First Enterococci Appeared on Earth during Ordovician Period, Says Study

According to a new study published today in the journal Cell, the enterococci — gram-positive aerobic bacteria and a leading cause of hospital-acquired infections — arose from an ancestor that dates back 450 million years (Ordovician period), about the time when animals were first crawling onto land.

This digitally-colorized scanning electron microscopic image depicts Enterococcus faecalis. Image credit: Pete Wardell / CDC.

This digitally-colorized scanning electron microscopic image depicts Enterococcus faecalis. Image credit: Pete Wardell / CDC.

“By analyzing the genomes and behaviors of today’s enterococci, we were able to rewind the clock back to their earliest existence and piece together a picture of how these organisms were shaped into what they are today,” said Dr. Ashlee Earl, group leader for the Bacterial Genomics Group at the Broad Institute of MIT and Harvard and co-corresponding author of the study.
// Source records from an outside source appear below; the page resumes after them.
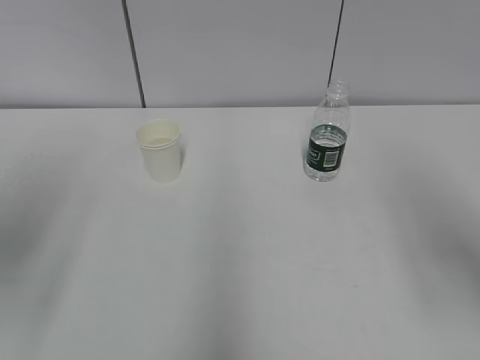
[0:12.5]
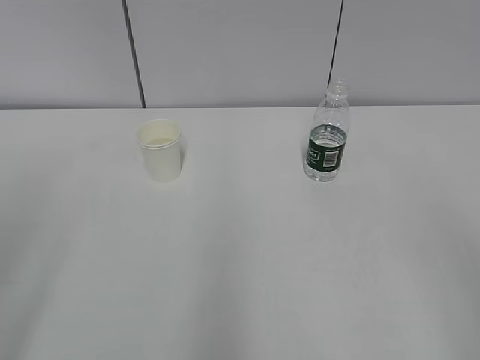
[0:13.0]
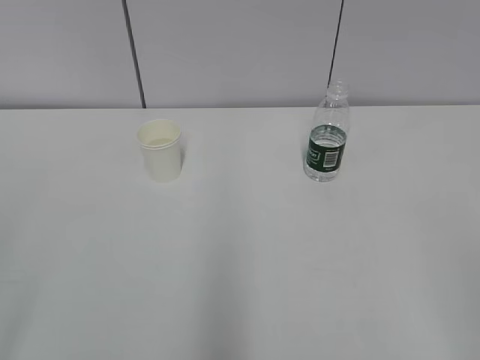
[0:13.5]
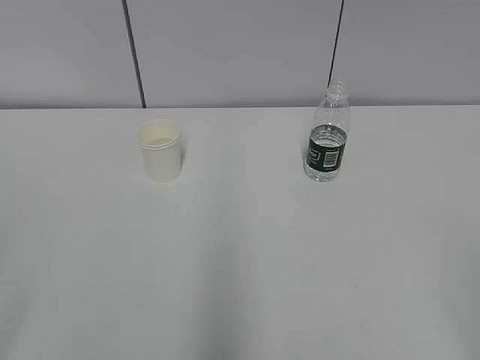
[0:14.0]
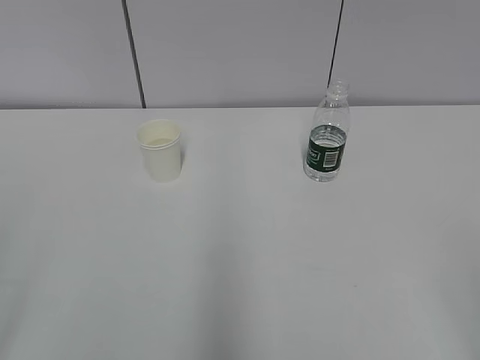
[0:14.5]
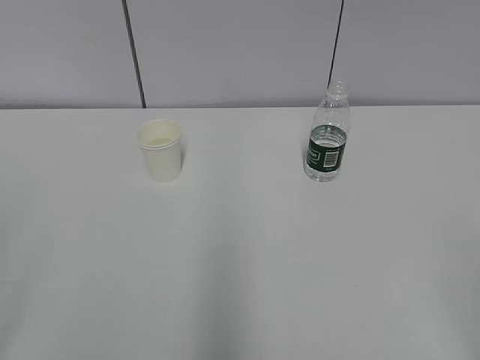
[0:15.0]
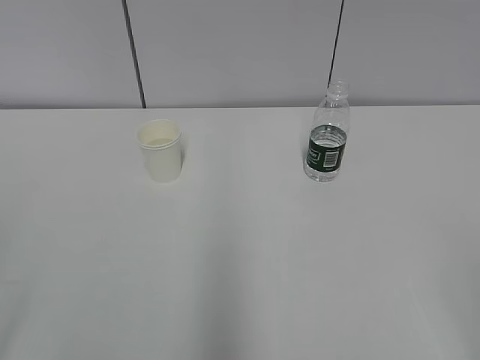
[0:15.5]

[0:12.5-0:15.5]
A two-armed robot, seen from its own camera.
0:12.5 to 0:14.0: The left gripper travels backward by about 20 cm. The right gripper shifts some 20 cm backward and downward.
0:14.0 to 0:15.5: Neither gripper changes place.

“Understanding how the environment in which microbes live leads to new properties could help us to predict how microbes will adapt to the use of antibiotics, antimicrobial hand soaps, disinfectants and other products intended to control their spread.”
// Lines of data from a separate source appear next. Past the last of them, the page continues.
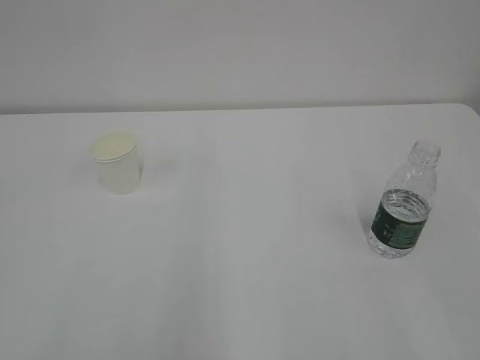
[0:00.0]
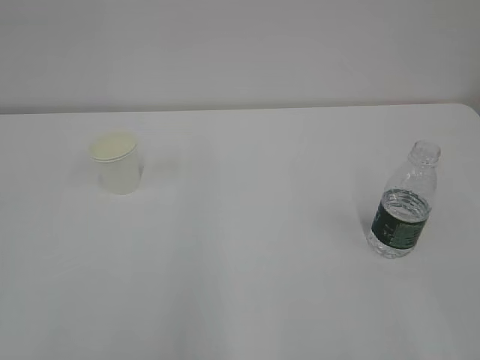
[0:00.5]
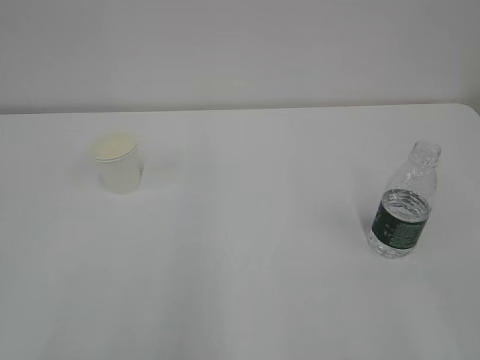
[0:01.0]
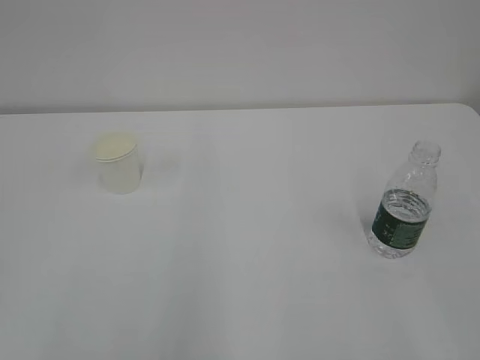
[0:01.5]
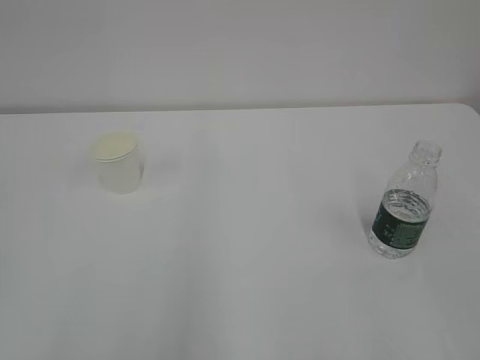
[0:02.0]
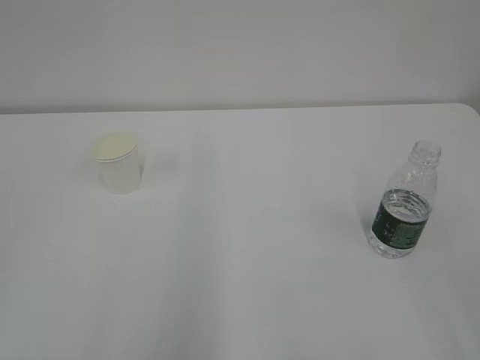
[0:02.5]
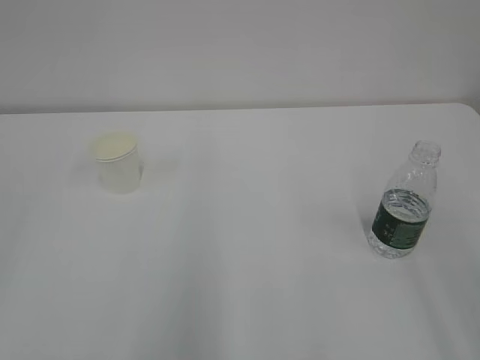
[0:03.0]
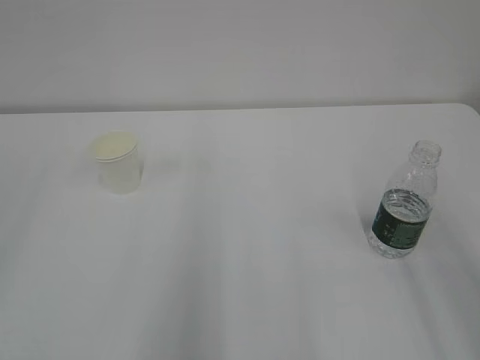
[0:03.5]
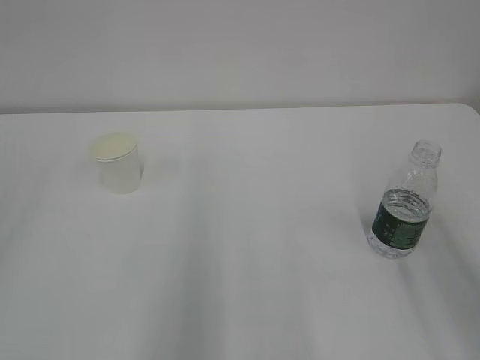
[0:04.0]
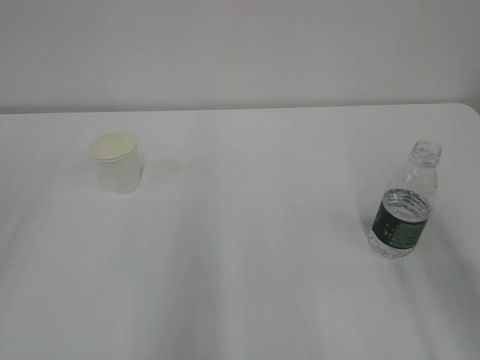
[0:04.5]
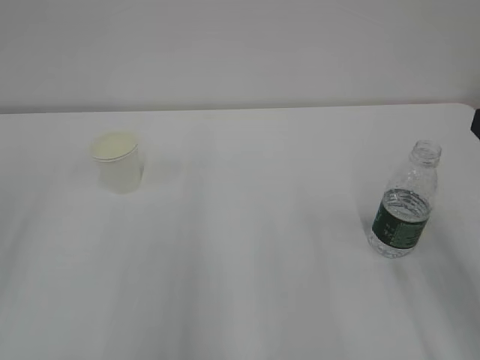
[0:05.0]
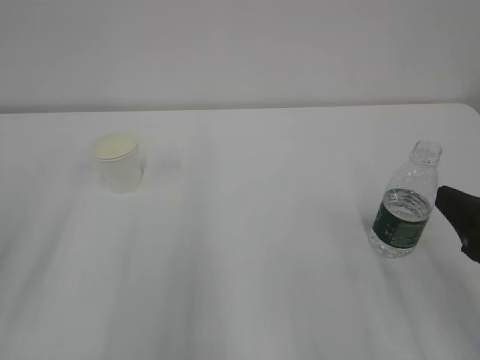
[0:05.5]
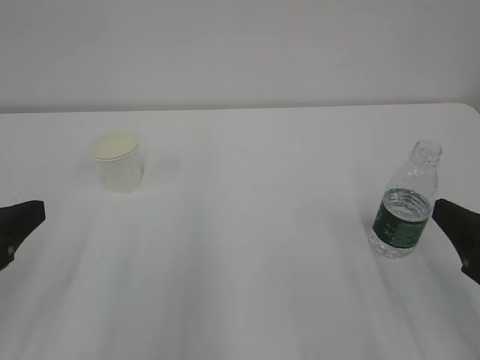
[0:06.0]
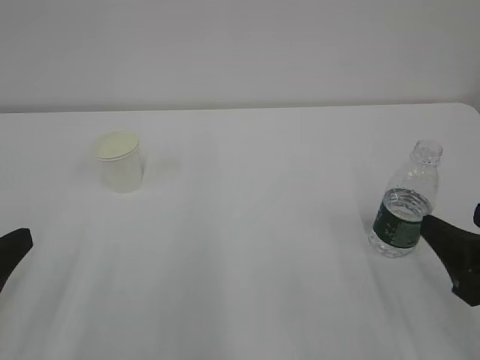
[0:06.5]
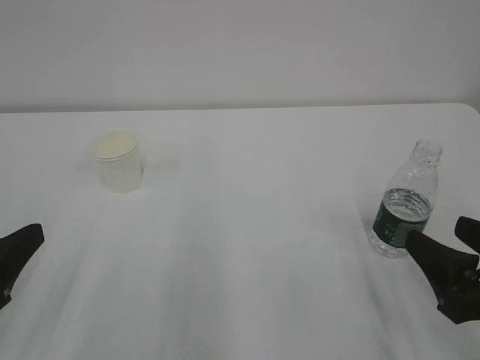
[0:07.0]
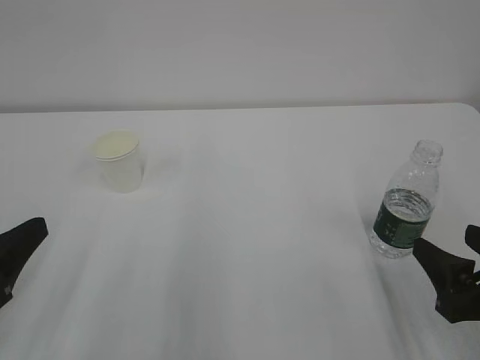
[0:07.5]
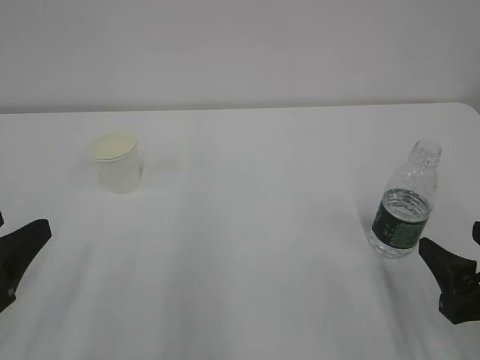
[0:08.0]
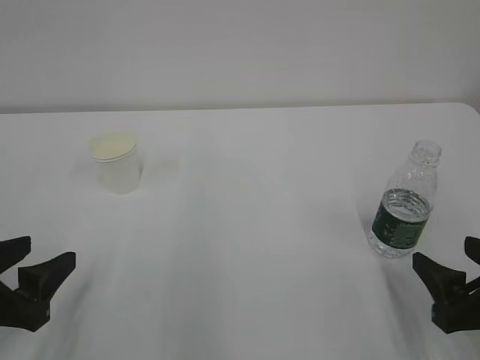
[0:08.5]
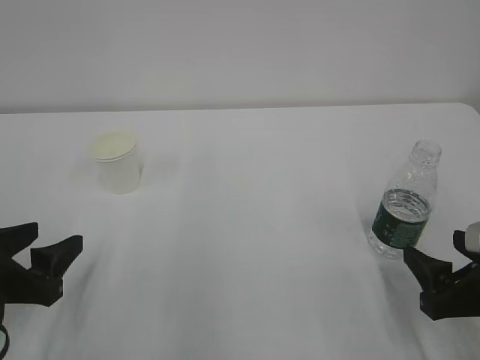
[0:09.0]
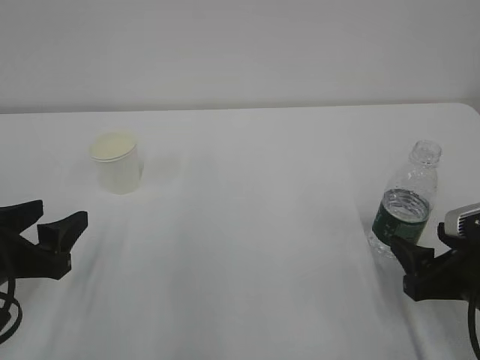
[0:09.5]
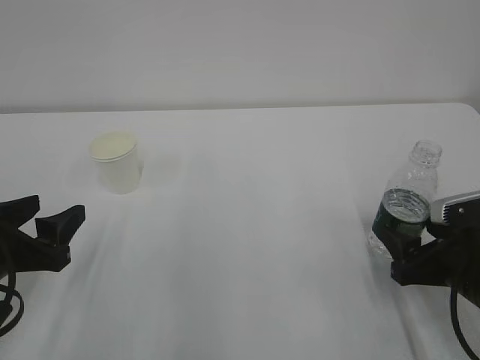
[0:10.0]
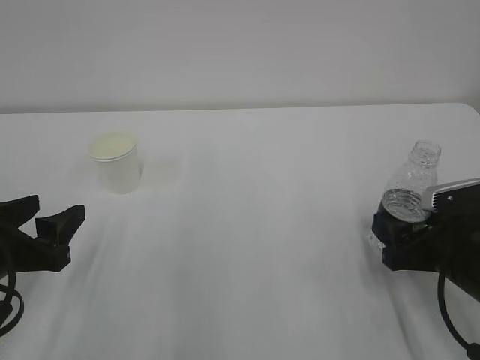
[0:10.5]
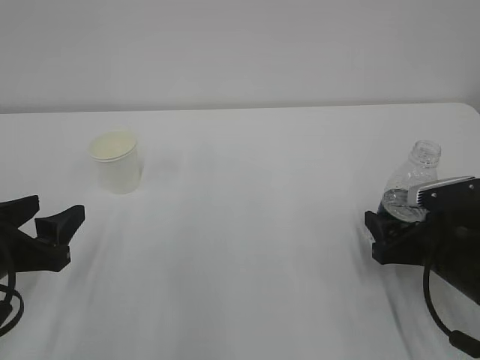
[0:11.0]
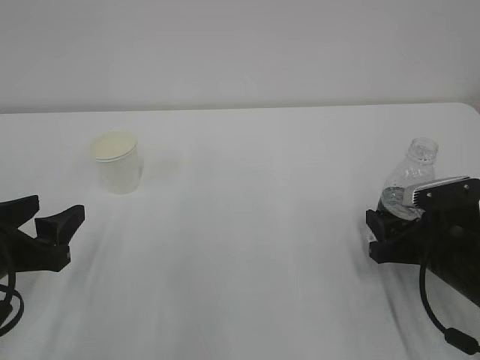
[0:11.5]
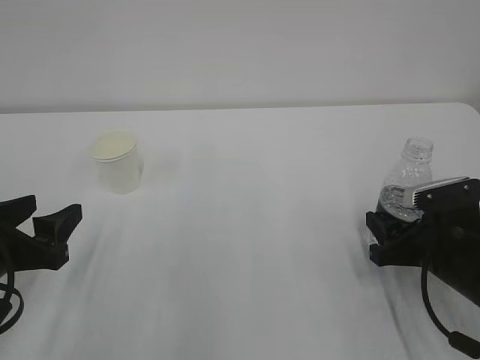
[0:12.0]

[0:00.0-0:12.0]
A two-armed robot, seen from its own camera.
0:04.0 to 0:06.0: The left gripper heads downward and to the right, covering some 15 cm, while the right gripper moves downward, some 15 cm.
0:06.0 to 0:08.0: The right gripper heads downward, covering roughly 5 cm.
0:08.0 to 0:10.0: The grippers both shift forward by some 5 cm.
0:10.0 to 0:12.0: The right gripper closes up.

The picture Dr. Earl and he colleagues from Harvard Medical School, Massachusetts Eye and Ear, the Massachusetts Institute of Technology (MIT), and the Broad Institute of MIT and Harvard, pieced together begins with the dawn of life.

Bacteria arose nearly 4 billion years ago, and the Earth has teemed with them ever since, including the sea.

Animals first arose in the sea during the time known as the Cambrian Explosion, 542 million years ago.

As animals emerged in a sea of bacteria, bacteria learned to live in and on them. Some bacteria protect and serve the animals, as the healthy microorganisms in our intestines do today; others live in the environment, and still others cause disease.

As animals crawled onto land about 100 million years later, they took their bacteria with them.

Dr. Earl and co-authors found that all species of enterococci, including those that have never been found in hospitals, were naturally resistant to dryness, starvation, disinfectants and many antibiotics.

Because enterococci normally live in the intestines of most — if not all — land animals, it seemed likely that they were also in the intestines of land animals that are now extinct, including dinosaurs and the first millipede-like organisms to crawl onto land.

Comparison of the genomes of these bacteria provided evidence that this was indeed the case.

In fact, the authors found that new species of enterococci appeared whenever new types of animals appeared.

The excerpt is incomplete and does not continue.